• **PROBLEM DETAILS**: Copy, from the material below, each line where "evenodd" shows up.

• **DATA TO EXAMINE**:
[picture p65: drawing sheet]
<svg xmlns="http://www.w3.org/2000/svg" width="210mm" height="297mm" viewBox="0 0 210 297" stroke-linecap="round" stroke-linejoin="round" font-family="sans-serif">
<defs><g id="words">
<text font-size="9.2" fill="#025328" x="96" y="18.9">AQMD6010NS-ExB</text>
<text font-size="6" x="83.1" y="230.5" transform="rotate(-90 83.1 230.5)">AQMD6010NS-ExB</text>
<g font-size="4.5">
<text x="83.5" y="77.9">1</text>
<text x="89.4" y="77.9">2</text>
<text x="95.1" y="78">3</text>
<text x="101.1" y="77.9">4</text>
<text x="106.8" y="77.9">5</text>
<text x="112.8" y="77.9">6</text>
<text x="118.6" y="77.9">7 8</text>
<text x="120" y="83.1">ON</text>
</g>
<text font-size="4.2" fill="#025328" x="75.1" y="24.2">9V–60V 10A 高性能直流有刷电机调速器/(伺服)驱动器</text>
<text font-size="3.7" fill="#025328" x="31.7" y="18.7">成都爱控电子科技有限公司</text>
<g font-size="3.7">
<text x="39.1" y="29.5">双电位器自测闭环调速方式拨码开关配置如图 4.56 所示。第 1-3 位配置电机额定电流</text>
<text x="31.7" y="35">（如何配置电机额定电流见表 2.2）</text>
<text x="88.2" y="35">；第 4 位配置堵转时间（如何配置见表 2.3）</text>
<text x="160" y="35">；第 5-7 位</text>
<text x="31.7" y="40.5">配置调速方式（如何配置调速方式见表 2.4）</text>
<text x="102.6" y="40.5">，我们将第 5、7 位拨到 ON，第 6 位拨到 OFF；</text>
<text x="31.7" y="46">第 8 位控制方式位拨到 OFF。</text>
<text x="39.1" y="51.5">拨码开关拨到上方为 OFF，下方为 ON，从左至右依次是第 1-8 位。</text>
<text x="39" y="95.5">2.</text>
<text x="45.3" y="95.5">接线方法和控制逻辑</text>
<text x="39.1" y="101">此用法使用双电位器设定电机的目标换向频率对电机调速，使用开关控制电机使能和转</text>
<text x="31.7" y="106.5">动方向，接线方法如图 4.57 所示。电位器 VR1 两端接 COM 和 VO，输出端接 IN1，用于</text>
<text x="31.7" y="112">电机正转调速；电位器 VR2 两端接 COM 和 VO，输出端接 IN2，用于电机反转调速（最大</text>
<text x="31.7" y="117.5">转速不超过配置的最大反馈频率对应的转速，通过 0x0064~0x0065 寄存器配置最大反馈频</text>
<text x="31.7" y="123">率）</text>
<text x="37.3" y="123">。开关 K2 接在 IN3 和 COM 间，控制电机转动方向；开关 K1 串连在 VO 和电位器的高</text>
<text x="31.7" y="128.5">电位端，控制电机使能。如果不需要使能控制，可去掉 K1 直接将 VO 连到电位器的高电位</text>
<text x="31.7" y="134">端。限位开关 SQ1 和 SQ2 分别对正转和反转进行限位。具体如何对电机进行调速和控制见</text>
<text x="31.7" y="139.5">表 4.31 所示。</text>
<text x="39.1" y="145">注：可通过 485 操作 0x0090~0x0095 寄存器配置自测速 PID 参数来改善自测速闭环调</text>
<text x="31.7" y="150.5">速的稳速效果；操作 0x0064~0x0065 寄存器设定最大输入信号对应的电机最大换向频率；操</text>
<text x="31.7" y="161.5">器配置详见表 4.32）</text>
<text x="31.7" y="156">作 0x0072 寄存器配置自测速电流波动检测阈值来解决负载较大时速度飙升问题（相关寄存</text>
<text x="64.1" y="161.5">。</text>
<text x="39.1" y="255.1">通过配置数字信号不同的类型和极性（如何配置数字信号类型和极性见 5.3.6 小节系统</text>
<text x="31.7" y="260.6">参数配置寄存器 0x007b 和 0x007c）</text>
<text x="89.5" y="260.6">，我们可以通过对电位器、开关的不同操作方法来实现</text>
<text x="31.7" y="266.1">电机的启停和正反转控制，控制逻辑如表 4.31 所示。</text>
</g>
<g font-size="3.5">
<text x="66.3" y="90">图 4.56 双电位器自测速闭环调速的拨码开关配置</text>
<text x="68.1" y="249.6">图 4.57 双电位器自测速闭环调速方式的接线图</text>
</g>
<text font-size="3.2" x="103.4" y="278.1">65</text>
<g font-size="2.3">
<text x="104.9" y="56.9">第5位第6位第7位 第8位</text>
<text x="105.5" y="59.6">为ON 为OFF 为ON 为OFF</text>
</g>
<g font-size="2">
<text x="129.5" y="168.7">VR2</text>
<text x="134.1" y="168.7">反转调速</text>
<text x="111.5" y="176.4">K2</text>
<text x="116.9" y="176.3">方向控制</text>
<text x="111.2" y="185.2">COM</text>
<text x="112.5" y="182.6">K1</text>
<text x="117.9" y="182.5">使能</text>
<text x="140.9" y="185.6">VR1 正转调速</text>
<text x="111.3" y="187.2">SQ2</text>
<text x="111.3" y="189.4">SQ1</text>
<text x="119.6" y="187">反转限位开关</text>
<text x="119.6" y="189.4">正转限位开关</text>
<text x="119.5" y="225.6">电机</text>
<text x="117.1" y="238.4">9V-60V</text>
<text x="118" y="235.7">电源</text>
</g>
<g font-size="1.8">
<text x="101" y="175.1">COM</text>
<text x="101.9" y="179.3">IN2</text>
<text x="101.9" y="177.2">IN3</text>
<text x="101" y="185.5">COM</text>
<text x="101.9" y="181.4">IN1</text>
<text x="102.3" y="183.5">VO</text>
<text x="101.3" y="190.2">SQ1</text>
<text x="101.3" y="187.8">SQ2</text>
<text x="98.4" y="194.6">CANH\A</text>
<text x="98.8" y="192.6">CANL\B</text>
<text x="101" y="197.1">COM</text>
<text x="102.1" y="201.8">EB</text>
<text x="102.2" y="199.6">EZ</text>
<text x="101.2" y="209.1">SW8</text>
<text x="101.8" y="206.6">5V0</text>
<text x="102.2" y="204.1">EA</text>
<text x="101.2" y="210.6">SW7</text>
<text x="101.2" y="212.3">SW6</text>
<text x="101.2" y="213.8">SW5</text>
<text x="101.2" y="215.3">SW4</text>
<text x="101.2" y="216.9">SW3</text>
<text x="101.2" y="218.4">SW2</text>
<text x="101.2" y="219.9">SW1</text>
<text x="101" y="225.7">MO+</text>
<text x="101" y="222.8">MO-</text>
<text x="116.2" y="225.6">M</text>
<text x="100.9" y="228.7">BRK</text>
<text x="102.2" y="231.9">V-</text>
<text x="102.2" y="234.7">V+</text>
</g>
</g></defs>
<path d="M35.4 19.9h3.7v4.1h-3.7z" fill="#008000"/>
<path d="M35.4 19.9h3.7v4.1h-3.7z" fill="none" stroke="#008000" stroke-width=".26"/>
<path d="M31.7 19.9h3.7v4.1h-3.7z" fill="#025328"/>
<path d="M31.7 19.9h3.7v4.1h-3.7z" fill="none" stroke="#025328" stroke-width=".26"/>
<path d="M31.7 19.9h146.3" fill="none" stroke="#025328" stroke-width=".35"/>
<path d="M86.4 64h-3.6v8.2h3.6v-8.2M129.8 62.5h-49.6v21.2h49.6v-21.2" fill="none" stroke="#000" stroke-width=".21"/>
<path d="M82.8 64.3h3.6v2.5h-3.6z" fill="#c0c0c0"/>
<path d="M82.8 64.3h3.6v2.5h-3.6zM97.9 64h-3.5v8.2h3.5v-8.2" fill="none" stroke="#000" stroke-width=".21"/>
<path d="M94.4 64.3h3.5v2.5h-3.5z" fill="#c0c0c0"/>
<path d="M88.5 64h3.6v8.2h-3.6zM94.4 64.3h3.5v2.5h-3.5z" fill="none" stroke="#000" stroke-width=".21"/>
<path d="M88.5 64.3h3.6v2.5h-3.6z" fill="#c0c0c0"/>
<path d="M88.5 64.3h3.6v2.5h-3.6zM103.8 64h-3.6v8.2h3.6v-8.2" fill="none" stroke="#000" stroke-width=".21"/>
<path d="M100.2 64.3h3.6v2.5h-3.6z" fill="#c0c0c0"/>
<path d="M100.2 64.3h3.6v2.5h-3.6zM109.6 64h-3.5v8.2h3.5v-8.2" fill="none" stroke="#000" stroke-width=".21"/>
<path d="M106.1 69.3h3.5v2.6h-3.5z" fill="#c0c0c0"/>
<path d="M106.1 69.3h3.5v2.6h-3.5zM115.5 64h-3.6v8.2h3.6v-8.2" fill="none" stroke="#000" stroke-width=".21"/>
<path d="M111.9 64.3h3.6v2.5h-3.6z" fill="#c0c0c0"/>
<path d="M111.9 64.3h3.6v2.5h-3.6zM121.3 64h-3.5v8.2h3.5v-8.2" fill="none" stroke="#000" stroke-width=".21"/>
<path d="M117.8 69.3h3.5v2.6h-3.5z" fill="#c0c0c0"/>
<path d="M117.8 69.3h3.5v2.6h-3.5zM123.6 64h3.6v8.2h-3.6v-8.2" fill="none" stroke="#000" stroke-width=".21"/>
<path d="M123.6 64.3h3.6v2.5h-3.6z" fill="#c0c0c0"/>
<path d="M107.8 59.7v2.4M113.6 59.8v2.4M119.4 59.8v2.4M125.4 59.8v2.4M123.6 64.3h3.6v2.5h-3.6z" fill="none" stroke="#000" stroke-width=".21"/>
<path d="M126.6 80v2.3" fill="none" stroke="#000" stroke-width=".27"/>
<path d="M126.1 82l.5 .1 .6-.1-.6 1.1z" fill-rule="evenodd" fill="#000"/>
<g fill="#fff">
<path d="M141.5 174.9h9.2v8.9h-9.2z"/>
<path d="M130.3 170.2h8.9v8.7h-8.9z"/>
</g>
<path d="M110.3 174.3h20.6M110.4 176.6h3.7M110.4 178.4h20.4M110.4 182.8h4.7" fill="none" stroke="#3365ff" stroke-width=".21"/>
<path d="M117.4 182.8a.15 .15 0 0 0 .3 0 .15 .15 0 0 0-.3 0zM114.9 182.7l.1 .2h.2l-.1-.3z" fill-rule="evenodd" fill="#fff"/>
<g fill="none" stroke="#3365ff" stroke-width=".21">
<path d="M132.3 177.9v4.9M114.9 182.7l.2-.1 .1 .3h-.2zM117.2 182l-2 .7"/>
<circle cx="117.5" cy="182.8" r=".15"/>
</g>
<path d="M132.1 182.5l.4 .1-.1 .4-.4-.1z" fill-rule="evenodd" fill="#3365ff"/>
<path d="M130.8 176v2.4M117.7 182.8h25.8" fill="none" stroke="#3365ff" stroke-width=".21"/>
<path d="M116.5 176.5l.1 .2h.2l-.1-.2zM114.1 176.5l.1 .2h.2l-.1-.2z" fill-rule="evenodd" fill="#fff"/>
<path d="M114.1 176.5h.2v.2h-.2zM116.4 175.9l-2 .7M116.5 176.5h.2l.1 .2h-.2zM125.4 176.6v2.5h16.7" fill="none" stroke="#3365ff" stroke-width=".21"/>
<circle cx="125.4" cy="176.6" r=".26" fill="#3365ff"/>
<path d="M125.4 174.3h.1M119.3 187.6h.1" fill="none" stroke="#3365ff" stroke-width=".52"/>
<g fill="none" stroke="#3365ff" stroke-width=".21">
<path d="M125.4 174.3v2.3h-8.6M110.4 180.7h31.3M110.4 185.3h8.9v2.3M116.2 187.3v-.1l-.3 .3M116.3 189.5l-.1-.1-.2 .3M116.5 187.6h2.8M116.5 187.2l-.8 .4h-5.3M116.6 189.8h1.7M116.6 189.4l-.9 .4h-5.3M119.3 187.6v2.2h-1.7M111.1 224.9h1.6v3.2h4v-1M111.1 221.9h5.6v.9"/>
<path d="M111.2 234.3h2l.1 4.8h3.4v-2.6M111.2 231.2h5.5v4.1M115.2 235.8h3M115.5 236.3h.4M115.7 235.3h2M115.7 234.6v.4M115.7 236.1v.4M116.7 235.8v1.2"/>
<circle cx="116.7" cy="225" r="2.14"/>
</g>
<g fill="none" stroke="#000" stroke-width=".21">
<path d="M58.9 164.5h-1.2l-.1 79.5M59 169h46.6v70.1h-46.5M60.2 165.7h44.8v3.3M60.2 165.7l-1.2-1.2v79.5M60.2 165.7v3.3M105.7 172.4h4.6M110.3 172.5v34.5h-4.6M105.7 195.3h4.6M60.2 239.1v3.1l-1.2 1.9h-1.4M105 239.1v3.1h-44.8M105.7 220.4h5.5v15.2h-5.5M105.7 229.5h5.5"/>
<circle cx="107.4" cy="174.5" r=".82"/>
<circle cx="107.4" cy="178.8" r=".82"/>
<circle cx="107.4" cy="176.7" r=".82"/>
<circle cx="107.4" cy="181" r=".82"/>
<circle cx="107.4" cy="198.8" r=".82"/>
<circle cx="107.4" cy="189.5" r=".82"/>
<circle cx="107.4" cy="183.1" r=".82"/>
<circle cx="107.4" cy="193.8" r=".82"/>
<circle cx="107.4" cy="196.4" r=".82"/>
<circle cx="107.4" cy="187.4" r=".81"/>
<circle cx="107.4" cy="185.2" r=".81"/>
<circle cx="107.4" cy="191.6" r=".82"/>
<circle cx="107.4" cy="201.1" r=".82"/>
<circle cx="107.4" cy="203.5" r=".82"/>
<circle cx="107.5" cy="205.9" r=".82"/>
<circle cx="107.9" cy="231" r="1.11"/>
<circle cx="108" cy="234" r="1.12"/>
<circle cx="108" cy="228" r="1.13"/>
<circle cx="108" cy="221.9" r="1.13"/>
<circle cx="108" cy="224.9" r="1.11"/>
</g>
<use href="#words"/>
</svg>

• **TASK RESULT**:
<path d="M126.1 82l.5 .1 .6-.1-.6 1.1z" fill-rule="evenodd" fill="#000"/>
<path d="M117.4 182.8a.15 .15 0 0 0 .3 0 .15 .15 0 0 0-.3 0zM114.9 182.7l.1 .2h.2l-.1-.3z" fill-rule="evenodd" fill="#fff"/>
<path d="M132.1 182.5l.4 .1-.1 .4-.4-.1z" fill-rule="evenodd" fill="#3365ff"/>
<path d="M116.5 176.5l.1 .2h.2l-.1-.2zM114.1 176.5l.1 .2h.2l-.1-.2z" fill-rule="evenodd" fill="#fff"/>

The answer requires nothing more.